Most of the biosensors developed for the detection of CAP were optical (colorimetric, fluorometric) and electrochemical biosensors [20]. Colorimetric sensors are interesting because of their naked-eye potential, when fluorometric sensors require an instrumental reading. Optical biosensors are sensitive, specific, simple and quick biosensors for CAP detection. The detection capabilities of electrochemical sensors were shown to be lower than those of optical sensors. In particular, voltametric and electrochemiluminescent sensors were the most sensitive. Therefore, we decided to focus this work on electrochemical biosensors as a cheap, sensitive, and selective alternative to ELISA tests and LC-MS/MS methods. Electrochemical biosensors for the detection of antimicrobial residues were firstly developed based on antibodies as recognition elements (i.e., immunosensors).

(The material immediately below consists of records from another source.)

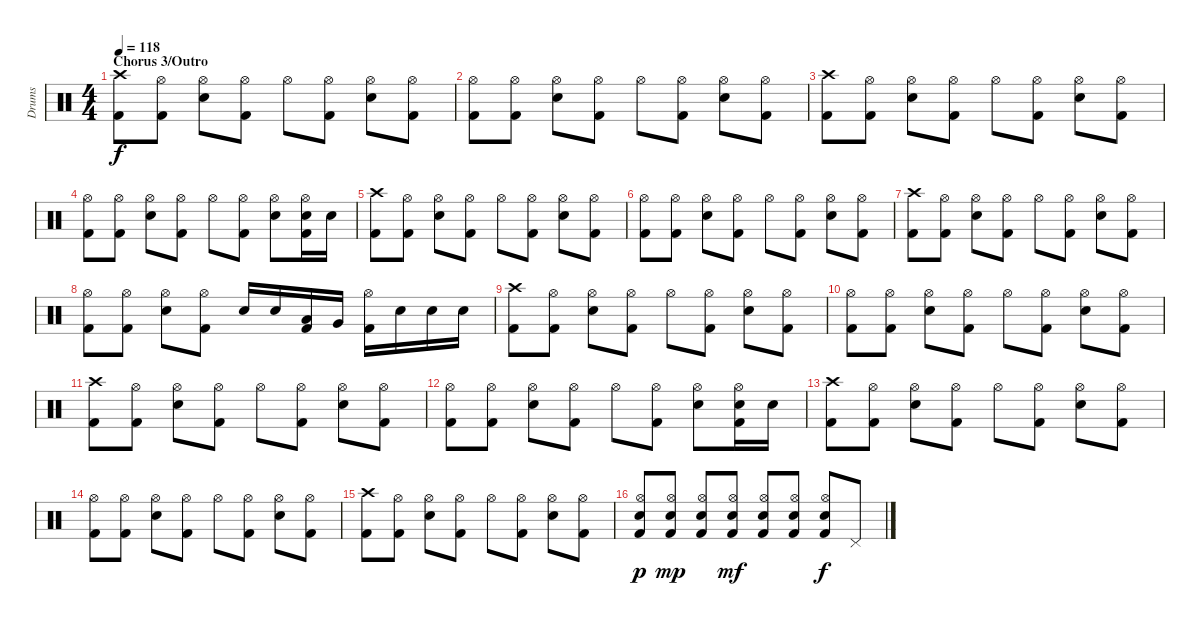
\track ("Drums" "Drums") {instrument percussion}
\staff {score}
\articulation defaults
\ts (4 4)
\section ("" "Chorus 3/Outro")
\tempo 118
\clef neutral
\ks c
("Crash high (hit)" "Kick (hit) 2").8{dy f} ("Hi-Hat (open)" "Kick (hit) 2").8 ("Hi-Hat (open)" "Electric Snare (hit)").8 ("Hi-Hat (open)" "Kick (hit) 2").8 "Hi-Hat (open)".8 ("Hi-Hat (open)" "Kick (hit) 2").8 ("Hi-Hat (open)" "Electric Snare (hit)").8 ("Hi-Hat (open)" "Kick (hit) 2").8 |
("Hi-Hat (open)" "Kick (hit) 2").8 ("Hi-Hat (open)" "Kick (hit) 2").8 ("Hi-Hat (open)" "Electric Snare (hit)").8 ("Hi-Hat (open)" "Kick (hit) 2").8 "Hi-Hat (open)".8 ("Hi-Hat (open)" "Kick (hit) 2").8 ("Hi-Hat (open)" "Electric Snare (hit)").8 ("Hi-Hat (open)" "Kick (hit) 2").8 |
("Crash high (hit)" "Kick (hit) 2").8 ("Hi-Hat (open)" "Kick (hit) 2").8 ("Hi-Hat (open)" "Electric Snare (hit)").8 ("Hi-Hat (open)" "Kick (hit) 2").8 "Hi-Hat (open)".8 ("Hi-Hat (open)" "Kick (hit) 2").8 ("Hi-Hat (open)" "Electric Snare (hit)").8 ("Hi-Hat (open)" "Kick (hit) 2").8 |
("Hi-Hat (open)" "Kick (hit) 2").8 ("Hi-Hat (open)" "Kick (hit) 2").8 ("Hi-Hat (open)" "Electric Snare (hit)").8 ("Hi-Hat (open)" "Kick (hit) 2").8 "Hi-Hat (open)".8 ("Hi-Hat (open)" "Kick (hit) 2").8 ("Hi-Hat (open)" "Electric Snare (hit)").8 ("Hi-Hat (open)" "Electric Snare (hit)" "Kick (hit) 2").16 "Electric Snare (hit)".16 |
("Crash high (hit)" "Kick (hit) 2").8 ("Hi-Hat (open)" "Kick (hit) 2").8 ("Hi-Hat (open)" "Electric Snare (hit)").8 ("Hi-Hat (open)" "Kick (hit) 2").8 "Hi-Hat (open)".8 ("Hi-Hat (open)" "Kick (hit) 2").8 ("Hi-Hat (open)" "Electric Snare (hit)").8 ("Hi-Hat (open)" "Kick (hit) 2").8 |
("Hi-Hat (open)" "Kick (hit) 2").8 ("Hi-Hat (open)" "Kick (hit) 2").8 ("Hi-Hat (open)" "Electric Snare (hit)").8 ("Hi-Hat (open)" "Kick (hit) 2").8 "Hi-Hat (open)".8 ("Hi-Hat (open)" "Kick (hit) 2").8 ("Hi-Hat (open)" "Electric Snare (hit)").8 ("Hi-Hat (open)" "Kick (hit) 2").8 |
("Crash high (hit)" "Kick (hit) 2").8 ("Hi-Hat (open)" "Kick (hit) 2").8 ("Hi-Hat (open)" "Electric Snare (hit)").8 ("Hi-Hat (open)" "Kick (hit) 2").8 "Hi-Hat (open)".8 ("Hi-Hat (open)" "Kick (hit) 2").8 ("Hi-Hat (open)" "Electric Snare (hit)").8 ("Hi-Hat (open)" "Kick (hit) 2").8 |
("Hi-Hat (open)" "Kick (hit) 2").8 ("Hi-Hat (open)" "Kick (hit) 2").8 ("Hi-Hat (open)" "Electric Snare (hit)").8 ("Hi-Hat (open)" "Kick (hit) 2").8 "Electric Snare (hit)".16 "Electric Snare (hit)".16 ("Low Tom (hit)" "Kick (hit) 2").16 "Very Low Tom (hit)".16 ("Hi-Hat (open)" "Kick (hit) 2").16 "Electric Snare (hit)".16 "Electric Snare (hit)".16 "Electric Snare (hit)".16 |
("Crash high (hit)" "Kick (hit) 2").8 ("Hi-Hat (open)" "Kick (hit) 2").8 ("Hi-Hat (open)" "Electric Snare (hit)").8 ("Hi-Hat (open)" "Kick (hit) 2").8 "Hi-Hat (open)".8 ("Hi-Hat (open)" "Kick (hit) 2").8 ("Hi-Hat (open)" "Electric Snare (hit)").8 ("Hi-Hat (open)" "Kick (hit) 2").8 |
("Hi-Hat (open)" "Kick (hit) 2").8 ("Hi-Hat (open)" "Kick (hit) 2").8 ("Hi-Hat (open)" "Electric Snare (hit)").8 ("Hi-Hat (open)" "Kick (hit) 2").8 "Hi-Hat (open)".8 ("Hi-Hat (open)" "Kick (hit) 2").8 ("Hi-Hat (open)" "Electric Snare (hit)").8 ("Hi-Hat (open)" "Kick (hit) 2").8 |
("Crash high (hit)" "Kick (hit) 2").8 ("Hi-Hat (open)" "Kick (hit) 2").8 ("Hi-Hat (open)" "Electric Snare (hit)").8 ("Hi-Hat (open)" "Kick (hit) 2").8 "Hi-Hat (open)".8 ("Hi-Hat (open)" "Kick (hit) 2").8 ("Hi-Hat (open)" "Electric Snare (hit)").8 ("Hi-Hat (open)" "Kick (hit) 2").8 |
("Hi-Hat (open)" "Kick (hit) 2").8 ("Hi-Hat (open)" "Kick (hit) 2").8 ("Hi-Hat (open)" "Electric Snare (hit)").8 ("Hi-Hat (open)" "Kick (hit) 2").8 "Hi-Hat (open)".8 ("Hi-Hat (open)" "Kick (hit) 2").8 ("Hi-Hat (open)" "Electric Snare (hit)").8 ("Hi-Hat (open)" "Electric Snare (hit)" "Kick (hit) 2").16 "Electric Snare (hit)".16 |
("Crash high (hit)" "Kick (hit) 2").8 ("Hi-Hat (open)" "Kick (hit) 2").8 ("Hi-Hat (open)" "Electric Snare (hit)").8 ("Hi-Hat (open)" "Kick (hit) 2").8 "Hi-Hat (open)".8 ("Hi-Hat (open)" "Kick (hit) 2").8 ("Hi-Hat (open)" "Electric Snare (hit)").8 ("Hi-Hat (open)" "Kick (hit) 2").8 |
("Hi-Hat (open)" "Kick (hit) 2").8 ("Hi-Hat (open)" "Kick (hit) 2").8 ("Hi-Hat (open)" "Electric Snare (hit)").8 ("Hi-Hat (open)" "Kick (hit) 2").8 "Hi-Hat (open)".8 ("Hi-Hat (open)" "Kick (hit) 2").8 ("Hi-Hat (open)" "Electric Snare (hit)").8 ("Hi-Hat (open)" "Kick (hit) 2").8 |
("Crash high (hit)" "Kick (hit) 2").8 ("Hi-Hat (open)" "Kick (hit) 2").8 ("Hi-Hat (open)" "Electric Snare (hit)").8 ("Hi-Hat (open)" "Kick (hit) 2").8 "Hi-Hat (open)".8 ("Hi-Hat (open)" "Kick (hit) 2").8 ("Hi-Hat (open)" "Electric Snare (hit)").8 ("Hi-Hat (open)" "Kick (hit) 2").8 |
("Hi-Hat (open)" "Snare (hit) 2" "Kick (hit) 2").8{dy p} ("Hi-Hat (open)" "Snare (hit) 2" "Kick (hit) 2").8{dy mp} ("Hi-Hat (open)" "Snare (hit) 2" "Kick (hit) 2").8 ("Hi-Hat (open)" "Snare (hit) 2" "Kick (hit) 2").8{dy mf} ("Hi-Hat (open)" "Snare (hit) 2" "Kick (hit) 2").8 ("Hi-Hat (open)" "Snare (hit) 2" "Kick (hit) 2").8 ("Hi-Hat (open)" "Snare (hit) 2" "Kick (hit) 2").8{dy f} "Pedal Hi-Hat (hit)".8

More recently, aptasensors have become more and more prevalent in the literature [20]. However, very few aptamers against antimicrobials are commercially available. The detection methods for electrochemical biosensors are diverse (i.e., amperometry, potentiometry, field-effect transistors (FETs), conductometry [21]). A Spanish team worked on the detection of different families of antimicrobial residues in milk by amperometric detection [22,23,24] and finally succeeded to develop a multiplex immunosensor for the detection of three families of antimicrobials simultaneously [25]. They obtained very promising results regarding the sensitivity of the developed methods. This immunosensor is based on the binding of antibodies against the antimicrobial residue to magnetic beads. Then, the analyte (i.e., the antimicrobial residue) competes with the horseradish peroxidase (HRP)-conjugate (HRP bound to the analyte) to bind to the antibodies. At the end, the electrochemical activity of the enzyme HRP is measured by amperometry on screen-printed carbon electrodes (SPCE). The concentration of antimicrobial residues is inversely proportional to the electrochemical signal because it is a competitive immunoassay. The aim of this work was to develop a similar bead-based amperometric immunosensor for the detection of chloramphenicol in honey.
The aim of this work was to develop and to optimize an amperometric biosensor for the detection of CAP in honey. The project consisted of two steps: optimization of the sensor and then development of an extraction protocol for honey samples to remove matrix interferences. The first results in buffer with simple amperometric conditions were very promising and satisfactory, as well as preliminary results in one single acacia honey sample. Different extraction protocols (liquid/liquid extraction (LLE)) were tested to obtain an optimal detection capability, at or below 0.3 ng/g (CAP MRPL). When analyzing honey samples from different botanical origins, with different colors and textures, high matrix effects were observed. Regarding each individual sample, it was possible to discriminate blank samples from samples spiked with CAP to 0.3 ng/g. However, a global analysis was impossible due to the high variability of honey samples and to high matrix interferences. We started to explore some paths to solve this issue, but a lot of work remains.

2. Materials and Methods

2.1. Antibiotic Standards

Chloramphenicol (CRM) (CAS (Chemical Abstracts Service) number: 56-75-7) was purchased from Sigma Aldrich (Saint-Quentin Fallavier, France).

2.2. Reagents

All buffer solutions were prepared with Milli-Q® water. PBS (Phosphate Buffered Saline) at pH 7.5 contained 0.01 M of phosphate buffer, 137 mM of NaCl (Acros Organics, reference 207790010) and 2.7 mM of KCl (Merck Chemicals, 104936). PBS-T (PBS-Tween) was derived from this PBS solution, to which 0.05% Tween 20 (Sigma Aldrich, Saint-Quentin Fallavier, France, reference P1379) was added. The phosphate buffered solutions at 0.05 M pH 6.0 and 0.1 M pH 6.0 were prepared from Na2HPO4·2H2O (Labosi, Fisher Scientific A4894351) and NaH2PO4 (Merck, 1.06345.1000).
Hydrogen peroxide (H2O2) (Sigma Aldrich, France, reference H-0904) and hydroquinone (Sigma Aldrich, France, reference H9003) were prepared in phosphate buffer.
The antibody anti-chloramphenicol (reference PAS 9681) and the conjugate CAP-HRP (reference HRP9263) were purchased from Randox Life Sciences (UK).
Magnetic beads (MBs) Protein G InVitrogen Dynabeads® (reference 10003D) were purchased from ThermoFisher Scientific (France). The magnetic beads contain protein G on their surface that facilitate the immobilization of antibodies by their Fc regions.
Poly(vinylpolypyrrolidone) (PVPP) was purchased from Sigma Aldrich (France, reference 77627).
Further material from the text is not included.